Hillsborough is a charming little town, a place my wife and I frequently imagine ourselves living in. It’s small and quaint, but hip enough to boast its own LocoPops and WholeFoods outposts. A bit more stately than similarly funky Pittsboro, Hillsborough is home to some good restaurants, including at least one outstanding one: Panciuto.
Situated right on the town’s main street, the restaurant is distinguished modestly by a small black awning above the entrance. Inside, it’s very warm and cozy. The dining area is rather small, and, together with the diminutive bar (just a few stools) and a long-abandoned fireplace, as well as plenty of white Christmas lights, it makes for an intimate experience. This is an upscale restaurant, and the space feels elegant, but simple wooden tables and a few light-hearted prints along an exposed brick wall keep the place from seeming too fancy or stuffy. Even though the tables against the wall are arranged quite closely together, this is a great restaurant for a date or special occasion. Tiny fluted glasses of prosecco brought to the table shortly after seating reinforce this celebratory sentiment.
The menu generally represents a sort of hybrid of Italian and Southern American cooking. The restaurant is completely devoted to local ingredients; a box on one side of the menu shows you where just about every component of your meal comes from and the distance it has traveled. Impressively, these range from about walking distance (herbs) to no more than a couple hundred miles (NC seafood).
Panciuto is only open for dinner, Wednesday – Saturday, from 5:30pm – 8:30pm. On Wednesdays and Thursdays, small plates are the order of the evening. Our waiter informed us that, in general, these were appetizer sized portions, and suggested ordering two selections per person. Noticing the large plates around us, we were skeptical and went with the following 3 items:
- Ricotta gnocchi en crema with baby beet greens, sunny duck egg, vincotto, and asparagus ($12)
- Pappardelle with grilled pulled pork, shiitake mushrooms, arugula, mustard butter, and parmesan ($17)
- Grilled pork chop with buttered polenta, fried green tomatoes, and green-garlic tomato gravy ($16)
While we waited, a small bread selection arrived at the table. It featured a very slender slice of focaccia (fine) and a super-buttery soft and flaky parker house roll (better). But these were both trumped by a wedge of something whose composition most closely approximated that of a muffin, although it was sliced as though from a thin tea cake. The flavor was lemon poppy seed with just the right amount of rosemary. It was soft, delicate, and heavenly.
Thoughtfully, the waiter offered to bring us the first dish as an “appetizer” followed by the other dishes. This worked out perfectly. The gnocchi dish was beautifully presented, with tiny thimble-sized soft pillows of ricotta arranged around the egg, adorned with the cute microgreens.

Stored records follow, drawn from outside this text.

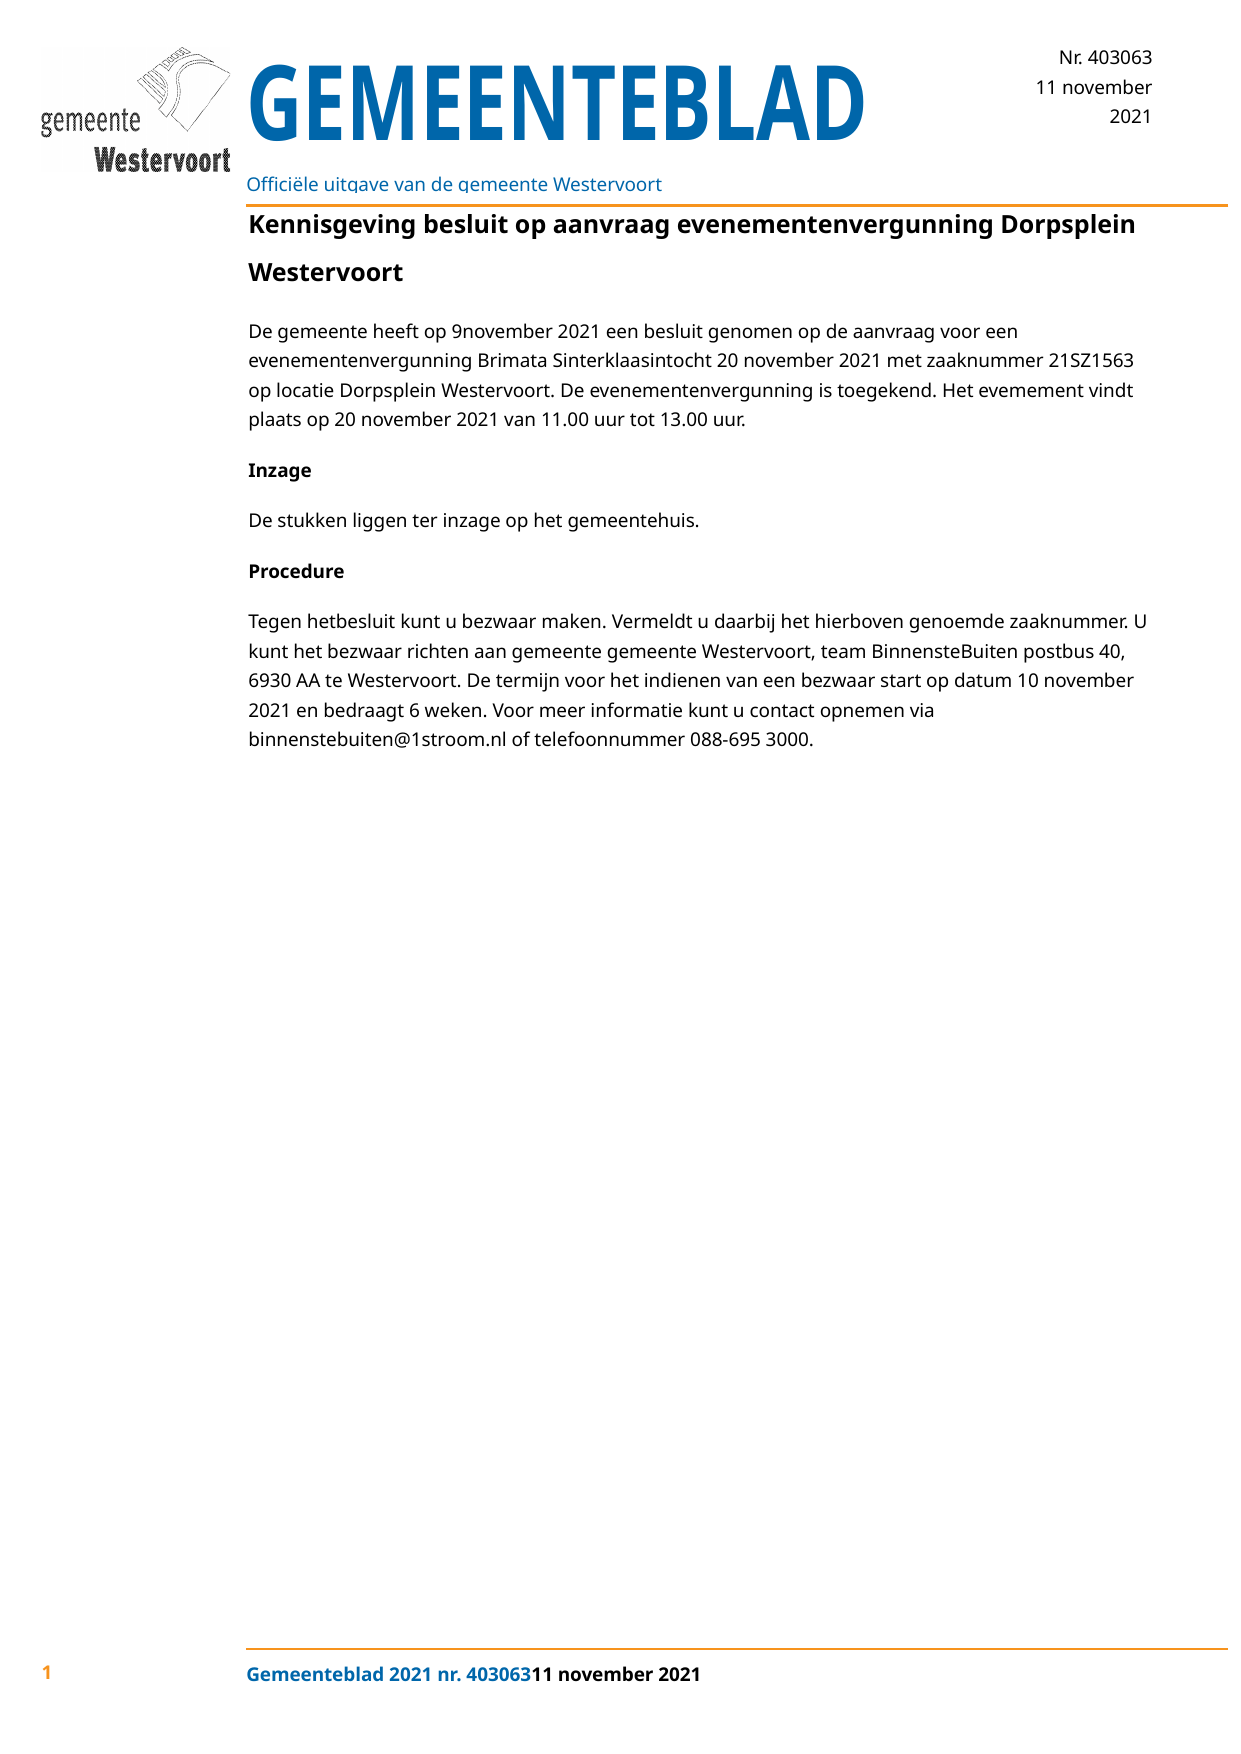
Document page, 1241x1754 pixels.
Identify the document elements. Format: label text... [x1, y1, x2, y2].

text De gemeente heeft op 9november 2021 een besluit genomen op de aanvraag voor een evenementenvergunning Brimata Sinterklaasintocht 20 november 2021 met zaaknummer 21SZ1563 op locatie Dorpsplein Westervoort. De evenementenvergunning is toegekend. Het evemement vindt plaats op 20 november 2021 van 11.00 uur tot 13.00 uur. [248, 318, 1152, 432]
text Procedure [248, 558, 1152, 584]
text Inzage [248, 457, 1152, 483]
picture [41, 47, 231, 172]
text De stukken liggen ter inzage op het gemeentehuis. [248, 507, 1152, 533]
text Tegen hetbesluit kunt u bezwaar maken. Vermeldt u daarbij het hierboven genoemde zaaknummer. U kunt het bezwaar richten aan gemeente gemeente Westervoort, team BinnensteBuiten postbus 40, 6930 AA te Westervoort. De termijn voor het indienen van een bezwaar start op datum 10 november 2021 en bedraagt 6 weken. Voor meer informatie kunt u contact opnemen via binnenstebuiten@1stroom.nl of telefoonnummer 088-695 3000. [248, 608, 1152, 752]
text Kennisgeving besluit op aanvraag evenementenvergunning Dorpsplein Westervoort [248, 207, 1152, 288]
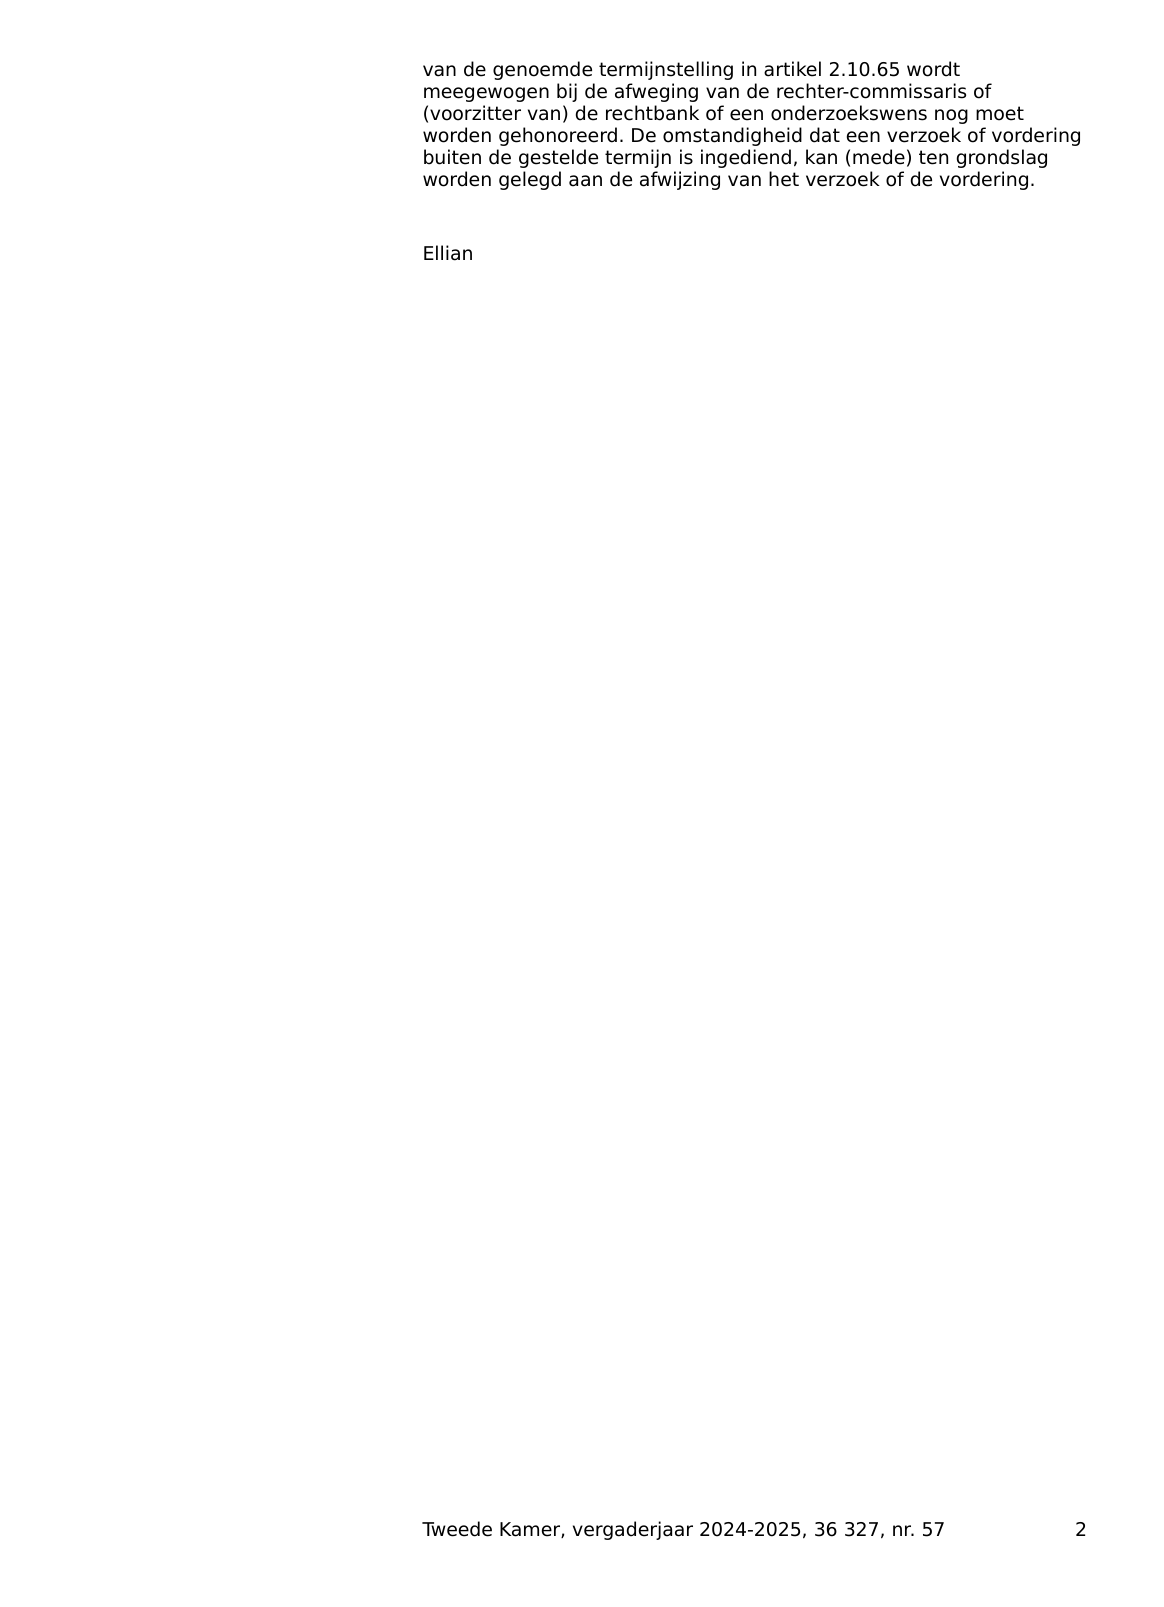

This was indeed a small dish – there weren’t more than two or three asparagus tips on the whole plate, but the balance of flavors was lovely. The vincotto brought a complex and subtle sweetness, and the egg contributed a luxurious richness. We were off to a great start.
The next two dishes were much more substantial, with the pasta in particular being enough to fill a hungry diner. The pork chop (an ossabaw heritage breed) represented the apotheosis of grilling. It was maybe a little overdone, but the flavor was exemplary. It sat on a small bed of gnocchi-shaped polenta balls and was topped by a few thin slices of excellent fried green tomato. A small amount of fresh tasting tomato sauce tied it all together beautifully. Almost as good was the pasta dish. As with the pork chop, the pulled pork in this dish had a terrific smokiness, but in this case the meat could have been just a little more tender. There was certainly plenty of it, and plenty of rich cheese as well – combined with the excellent homemade noodles, it made for wonderful comfort food on a cool night. I felt that the shiitake mushrooms, which were barely cooked, didn’t contribute much to the dish. I did like that the mustard butter and arugula lent a subtle lemony edge, but it wasn’t quite enough to balance out the cheesy creaminess of the dish. Still, it was delicious, even if the overall flavor profile wasn’t as sophisticated as that of the pork chop entrée.
For dessert, we opted for the “crema di cogne with sugar dusted cornmeal zeppole and soft whipped cream” ($6). This was basically two doughnuts with sort of a soft chocolate pudding/mousse accompaniment – another great value as it was perfect for two people. For me, the zeppole were rather average – light and airy, yes, but just fried dough. The cornmeal wasn’t lost in the dish, but didn’t really elevate it, either. The crema di cogne was rich and silky, and I really enjoyed the chocolate flavor with what seemed to be just a hint of liquor.
Overall, our dinner at Panciuto was one of the best meals we’ve had in the Triangle, and it’s easy to see why chef Aaron Vandemark was a James Beard award finalist for best chef in the Southeast. His restaurant delivers superb flavor in a lovely setting (and outstanding value for certain dishes). So while Hillsborough itself is worth a drive to check out, Panciuto makes the town all the more special.